■ **INSTRUCTIONS FOR THE TASK**: Among the lines of data below, reproduce only those from the one with "from ezdxf.enums import" through the one with "doc.layers.add(name, color=color, linetype=linetype)", exactly as they stand, both ends included.

═════ AVAILABLE RECORDS ═════

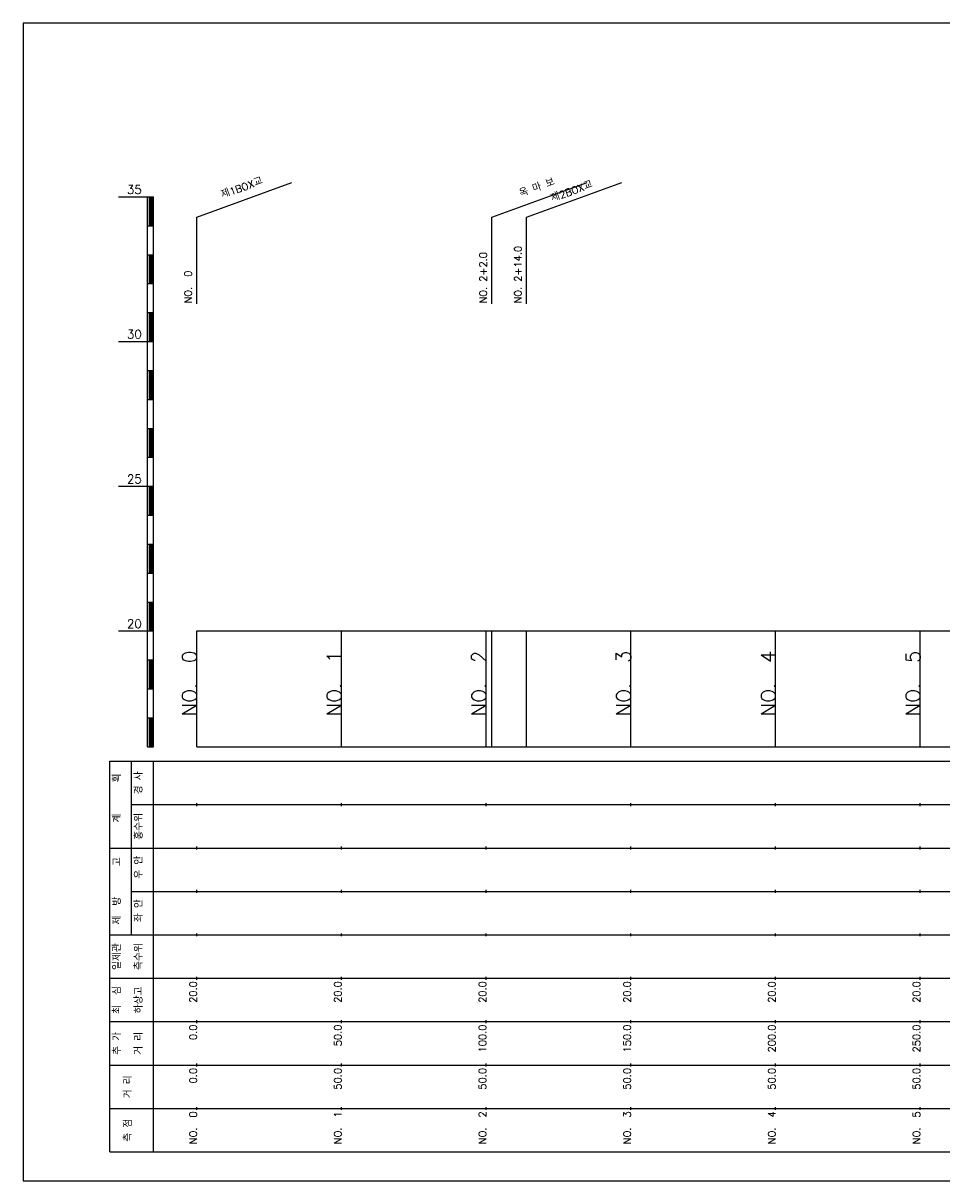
# Model space of a CAD drawing. Extents: x -504 to 685, y -2 to 2900.
# Tile 2 of 12: x 50 to 367, y 42 to 442. Entities that reach past the tile are written whole.
import ezdxf
from ezdxf.enums import TextEntityAlignment as Align

# ---------------------------------------------------------------- set-up
doc = ezdxf.new("R2010")
doc.units = 0
doc.header["$LTSCALE"] = 5
for name, color, linetype in [('BOX', 5, 'CONTINUOUS'), ('DT1', 3, 'CONTINUOUS'), ('LT1', 4, 'CONTINUOUS'), ('ST1', 7, 'CONTINUOUS')]:
    doc.layers.add(name, color=color, linetype=linetype)
doc.styles.add('GHS', font='ROMANS.shx', dxfattribs={"bigfont": 'GHS.shx'})

msp = doc.modelspace()

# ---------------------------------------------------------------- linework, layer by layer
at = {"layer": 'BOX'}
msp.add_lwpolyline([(50, 42), (650, 42), (650, 442), (50, 442), (50, 42)], dxfattribs=at)
at = {"layer": 'LT1', "linetype": 'CONTINUOUS'}
for p, q in [((110, 375), (142.89, 386.97)), ((212, 375), (244.89, 386.97)), ((224, 375), (256.89, 386.97)), ((110, 345), (110, 375)), ((212, 345), (212, 375)), ((224, 345), (224, 375))]:
    msp.add_line(p, q, dxfattribs=at)
at = {"layer": 'LT1'}
for p, q in [((83, 382), (93, 382)), ((93, 192), (93, 382)), ((93, 382), (95, 382)), ((93.5, 381.8), (93.5, 372.2)), ((94, 381.8), (94, 372.2)), ((94.5, 381.8), (94.5, 372.2)), ((95, 192), (95, 382)), ((93, 372), (95, 372)), ((93, 362), (95, 362)), ((93.5, 361.8), (93.5, 352.2)), ((94, 361.8), (94, 352.2)), ((94.5, 361.8), (94.5, 352.2)), ((93, 352), (95, 352)), ((93, 342), (95, 342)), ((93.5, 341.8), (93.5, 332.2)), ((94, 341.8), (94, 332.2)), ((94.5, 341.8), (94.5, 332.2)), ((83, 332), (93, 332)), ((93, 332), (95, 332)), ((93, 322), (95, 322)), ((93.5, 321.8), (93.5, 312.2)), ((94, 321.8), (94, 312.2)), ((94.5, 321.8), (94.5, 312.2)), ((93, 312), (95, 312)), ((93, 302), (95, 302)), ((93.5, 301.8), (93.5, 292.2)), ((94, 301.8), (94, 292.2)), ((94.5, 301.8), (94.5, 292.2)), ((93, 292), (95, 292)), ((83, 282), (93, 282)), ((93, 282), (95, 282)), ((93.5, 281.8), (93.5, 272.2)), ((94, 281.8), (94, 272.2)), ((94.5, 281.8), (94.5, 272.2)), ((93, 272), (95, 272)), ((93, 262), (95, 262)), ((93.5, 261.8), (93.5, 252.2)), ((94, 261.8), (94, 252.2)), ((94.5, 261.8), (94.5, 252.2)), ((93, 252), (95, 252)), ((93, 242), (95, 242)), ((93.5, 241.8), (93.5, 232.2)), ((94, 241.8), (94, 232.2)), ((94.5, 241.8), (94.5, 232.2)), ((83, 232), (93, 232)), ((93, 232), (95, 232)), ((110, 192), (110, 232)), ((160, 192), (160, 232)), ((210, 192), (210, 232)), ((212, 192), (212, 232)), ((224, 192), (224, 232)), ((260, 192), (260, 232)), ((310, 192), (310, 232)), ((360, 192), (360, 232)), ((110, 225.69), (110, 226.69)), ((160, 225.69), (160, 226.69)), ((210, 225.69), (210, 226.69)), ((260, 225.69), (260, 226.69)), ((310, 225.69), (310, 226.69)), ((360, 225.69), (360, 226.69)), ((93, 222), (95, 222)), ((93.5, 221.8), (93.5, 212.2)), ((94, 221.8), (94, 212.2)), ((94.5, 221.8), (94.5, 212.2)), ((93, 212), (95, 212)), ((93, 202), (95, 202)), ((93.5, 201.8), (93.5, 192.2)), ((94, 201.8), (94, 192.2)), ((94.5, 201.8), (94.5, 192.2)), ((93, 192), (95, 192)), ((110, 192), (610, 192)), ((110, 171.5), (110, 172.5)), ((160, 171.5), (160, 172.5)), ((210, 171.5), (210, 172.5)), ((260, 171.5), (260, 172.5)), ((310, 171.5), (310, 172.5)), ((360, 171.5), (360, 172.5)), ((110, 156.5), (110, 157.5)), ((160, 156.5), (160, 157.5)), ((210, 156.5), (210, 157.5)), ((260, 156.5), (260, 157.5)), ((310, 156.5), (310, 157.5)), ((360, 156.5), (360, 157.5)), ((110, 141.5), (110, 142.5)), ((160, 141.5), (160, 142.5)), ((210, 141.5), (210, 142.5)), ((260, 141.5), (260, 142.5)), ((310, 141.5), (310, 142.5)), ((360, 141.5), (360, 142.5)), ((110, 126.5), (110, 127.5)), ((160, 126.5), (160, 127.5)), ((210, 126.5), (210, 127.5)), ((260, 126.5), (260, 127.5)), ((310, 126.5), (310, 127.5)), ((360, 126.5), (360, 127.5)), ((110, 111.5), (110, 112.5)), ((160, 111.5), (160, 112.5)), ((210, 111.5), (210, 112.5)), ((260, 111.5), (260, 112.5)), ((310, 111.5), (310, 112.5)), ((360, 111.5), (360, 112.5)), ((110, 96.5), (110, 97.5)), ((160, 96.5), (160, 97.5)), ((210, 96.5), (210, 97.5)), ((260, 96.5), (260, 97.5)), ((310, 96.5), (310, 97.5)), ((360, 96.5), (360, 97.5)), ((110, 81.5), (110, 82.5)), ((160, 81.5), (160, 82.5)), ((210, 81.5), (210, 82.5)), ((260, 81.5), (260, 82.5)), ((310, 81.5), (310, 82.5)), ((360, 81.5), (360, 82.5)), ((110, 66.5), (110, 67.5)), ((160, 66.5), (160, 67.5)), ((210, 66.5), (210, 67.5)), ((260, 66.5), (260, 67.5)), ((310, 66.5), (310, 67.5)), ((360, 66.5), (360, 67.5))]:
    msp.add_line(p, q, dxfattribs=at)
msp.add_lwpolyline([(110, 232), (160, 232), (210, 232), (260, 232), (310, 232), (360, 232), (410, 232), (460, 232), (510, 232), (560, 232), (610, 232)], dxfattribs=at)
at = {"layer": 'ST1'}
for p, q in [((80, 52), (80, 187)), ((80, 187), (623, 187)), ((87.5, 157), (87.5, 187)), ((95, 52), (95, 187)), ((87.5, 172), (623, 172)), ((80, 157), (623, 157)), ((87.5, 127), (87.5, 157)), ((87.5, 142), (623, 142)), ((80, 127), (623, 127)), ((80, 112), (623, 112)), ((80, 97), (623, 97)), ((80, 82), (623, 82)), ((80, 67), (623, 67)), ((80, 52), (623, 52))]:
    msp.add_line(p, q, dxfattribs=at)

# ---------------------------------------------------------------- texts
at = {"layer": 'DT1', "linetype": 'CONTINUOUS', "style": 'GHS'}
for s, rotation, p in [('제1BOX교', 20, (126, 383.99)), ('옥 마 보', 20, (228, 383.99)), ('제2BOX교', 20, (240, 382.78)), ('  획', 90, (83.75, 179.5)), ('경 사', 90, (91.25, 179.5)), ('홍수위', 90, (91.25, 164.5)), ('   계', 90, (83.75, 164.5)), ('   고', 90, (83.75, 149.5)), (' 우 안', 90, (91.25, 149.5)), (' 제  방', 90, (83.75, 134.5)), (' 좌 안', 90, (91.25, 134.5)), ('일제관', 90, (83.75, 119.5)), ('측수위', 90, (91.25, 119.5)), ('하상고', 90, (91.25, 104.5)), ('최  심', 90, (83.75, 104.5)), ('추 가', 90, (83.75, 89.5)), ('거 리', 90, (91.25, 89.5)), ('거 리', 90, (87.5, 74.5)), ('측 점', 90, (87.5, 59.5))]:
    msp.add_text(s, height=2.5, rotation=rotation, dxfattribs=at).set_placement(p, align=Align.CENTER)
at = {"layer": 'DT1', "style": 'GHS'}
for s, p in [('35', (91, 383)), ('30', (91, 333)), ('25', (91, 283)), ('20', (91, 233))]:
    msp.add_text(s, height=3, dxfattribs=at).set_placement(p, align=Align.RIGHT)
at = {"layer": 'DT1', "linetype": 'CONTINUOUS', "style": 'GHS'}
for s, p in [('NO. 2+2.0', (210.25, 345.12)), ('NO. 2+14.0', (222.25, 345.12)), ('NO.  0 ', (108.25, 345.12))]:
    msp.add_text(s, height=2.5, rotation=90, dxfattribs=at).set_placement(p)
at = {"layer": 'DT1', "style": 'GHS'}
for s, height, p in [('NO.  0', 5, (110, 225.19)), ('NO.  1', 5, (160, 225.19)), ('NO.  2', 5, (210, 225.19)), ('NO.  3', 5, (260, 225.19)), ('NO.  4', 5, (310, 225.19)), ('NO.  5', 5, (360, 225.19)), (' 20.0', 2.5, (110, 111)), (' 20.0', 2.5, (160, 111)), (' 20.0', 2.5, (210, 111)), (' 20.0', 2.5, (260, 111)), (' 20.0', 2.5, (310, 111)), (' 20.0', 2.5, (360, 111)), ('     0.0', 2.5, (110, 96)), ('    50.0', 2.5, (160, 96)), ('   100.0', 2.5, (210, 96)), ('   150.0', 2.5, (260, 96)), ('   200.0', 2.5, (310, 96)), ('   250.0', 2.5, (360, 96)), ('   0.0', 2.5, (110, 81)), ('  50.0', 2.5, (160, 81)), ('  50.0', 2.5, (210, 81)), ('  50.0', 2.5, (260, 81)), ('  50.0', 2.5, (310, 81)), ('  50.0', 2.5, (360, 81)), ('NO.  0', 2.5, (110, 66)), ('NO.  1', 2.5, (160, 66)), ('NO.  2', 2.5, (210, 66)), ('NO.  3', 2.5, (260, 66)), ('NO.  4', 2.5, (310, 66)), ('NO.  5', 2.5, (360, 66))]:
    msp.add_text(s, height=height, rotation=90, dxfattribs=at).set_placement(p, align=Align.RIGHT)

doc.saveas('drawing.dxf')

═════

■ **ANSWER SPACE**:
from ezdxf.enums import TextEntityAlignment as Align

# ---------------------------------------------------------------- set-up
doc = ezdxf.new("R2010")
doc.units = 0
doc.header["$LTSCALE"] = 5
for name, color, linetype in [('BOX', 5, 'CONTINUOUS'), ('DT1', 3, 'CONTINUOUS'), ('LT1', 4, 'CONTINUOUS'), ('ST1', 7, 'CONTINUOUS')]:
    doc.layers.add(name, color=color, linetype=linetype)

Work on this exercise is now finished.